Sat Aug 21 07:28:41 GMT 2021





*Communication Maintenance in Longue Durée. **A paper-based workshop (deadline extended)*

In the last decades, more and more scholars have claimed for inclusion of maintenance among the key topics and key questions of technology (Edgerton 2007, Jackson 2014, Russell and Vinsel 2018, Henke and Sims 2020,). Communication and media studies have just partially included in their methodological and analytical tools reflections on maintenance (see Balbi and Leggero 2020; Weber and Krebs 2021) and this paper-based workshop aims to advance in this aspect adding another fundamental yet underestimated layer in communication and maintenance research: the /Longue durée/.

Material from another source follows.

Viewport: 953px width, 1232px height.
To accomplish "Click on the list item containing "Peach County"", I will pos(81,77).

Maintenance of communication infrastructures, for example, is a long-term process lasting for decades or even centuries. On the one hand, roads, networks and cables are constantly maintained to keep them functioning but, on the other, to understand their strategic relevance is important to adopt a /Longue durée/ perspective (Braudel 1958) since those channels of communication have often political, economic, and sociocultural relevance. Sometimes, maintenance has a strong effect not only in preserving communication infrastructures but also in modifying or even dismantling them. In long-terms, communications can be radically changed because of maintenance and transformed into something totally different from what was originally to be maintained.

Furthermore, despite or even because of maintenance and its related costs, communication infrastructures are abandoned in favor of other and apparently most “advanced” technologies of communication, whose maintenance is easier for example. This is typical when new technologies of communication emerge or when new cultures of maintenance appear.

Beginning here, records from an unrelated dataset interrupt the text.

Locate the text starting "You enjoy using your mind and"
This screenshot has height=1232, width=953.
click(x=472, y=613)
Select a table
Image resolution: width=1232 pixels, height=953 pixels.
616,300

Finally, communication maintenance in /Longue durée/ can also be considered in political and cultural terms. Sometimes, the technological dimension of the communication infrastructure to be maintained is secondary and political ideologies are more relevant: national or regional demands, (fake or real) ethnical ancestries, centers and peripheries, mountains and flatlands, cultural claims are all relevant in deciding to maintain an old and misused road, an undersea cable, a trait of railway, etc.

This workshop will host methodological and empirical approaches and we aim for contributions ranging from history to anthropology, from geography to political studies, from economics to obviously communication and transportation studies. The papers will have to deal with the topic of maintenance in communication in the long-term at large, have to discuss problems and challenges, opportunities and successes as well as failures, cultural changes and continuities over time in thinking about the maintenance of communication. Papers should be focused not only on one specific point in time but take into account decades and centuries in order to grasp the hidden changes and undersea continuities which are not evident.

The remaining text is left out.